話の中心にあるのは宮沢りえさま演じる「マドロミ」がその書道教室に入ったままでてこない弟を探しに来て、家元に近づいてついには弟を探し出すが、マドロミがその途中で、ムスコを探しに来ていた「オバちゃん」と出会って、一緒になってソノいかがわしい集団の悪を暴こうとするが、その弟がそのムスコを集団内部のリンチみたいなことでコロしてしまったことがわかって、ジブンの弟がヒトを殺すのを止められなかったコトを嘆きカナしむ。

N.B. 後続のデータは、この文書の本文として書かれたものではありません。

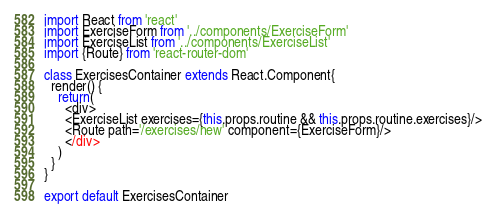<code> <loc_0><loc_0><loc_500><loc_500><_JavaScript_>import React from 'react'
import ExerciseForm from '../components/ExerciseForm'
import ExerciseList from '../components/ExerciseList'
import {Route} from 'react-router-dom'

class ExercisesContainer extends React.Component{
  render() {
    return(
      <div>
      <ExerciseList exercises={this.props.routine && this.props.routine.exercises}/>
      <Route path='/exercises/new' component={ExerciseForm}/>
      </div>
    )
  }
}

export default ExercisesContainer
</code>

でもって、書道のカミ=紙がカミ=神で、弟がちぎったマドロミの服の袖がコロモへんがシメスへんになって棒がはみ出して神になったり、マドロミが弟のおもかげを追い求めているのを、おもかげ=俤には弟がある、とか言ったり、野田サン的言葉のアヤトリ。
でまたその上一転、書道教室がギリシャ神話のセカイに早変わりして、その辺の教養がワタシにはないので話のおもしろさがいまいちわからなかったのだが、たぶんソノ、弟のヒトコロしがギリシャ神話のなんかの話に重ねられているんだと思う。あと、今回注目の藤井隆サンが書道教室の会計係であると同時にヘルメスだったり、というのも深い意味があるんだろうがベンキョウ不足でよくわかりマセンでした。スイマセン。

当然ながら、というべきかどうか、アノ事件については批判的な立場で書かれているわけで、最後のところで、あまりに幼稚だ、と言って、宮沢りえさまが絶叫的に嘆きを表現するところはハッキリ言って、おぢさん、やられちゃいマシタ。もう立ち上がって拍手したいくらいの盛り上がり。こんな暗い話なのに。
もうひとつ、ウワサで聞いていた奥秀太郎サマの映像表現は、舞台の上の光景が一瞬に固まった、かと思ったら、虫のカタマリが一斉に動き出すように形を変えたりで、カンペキにどギモをヌカれた。

2010.7.8 東京芸術劇場中ホールにて。当日券ありでまだまだやっている。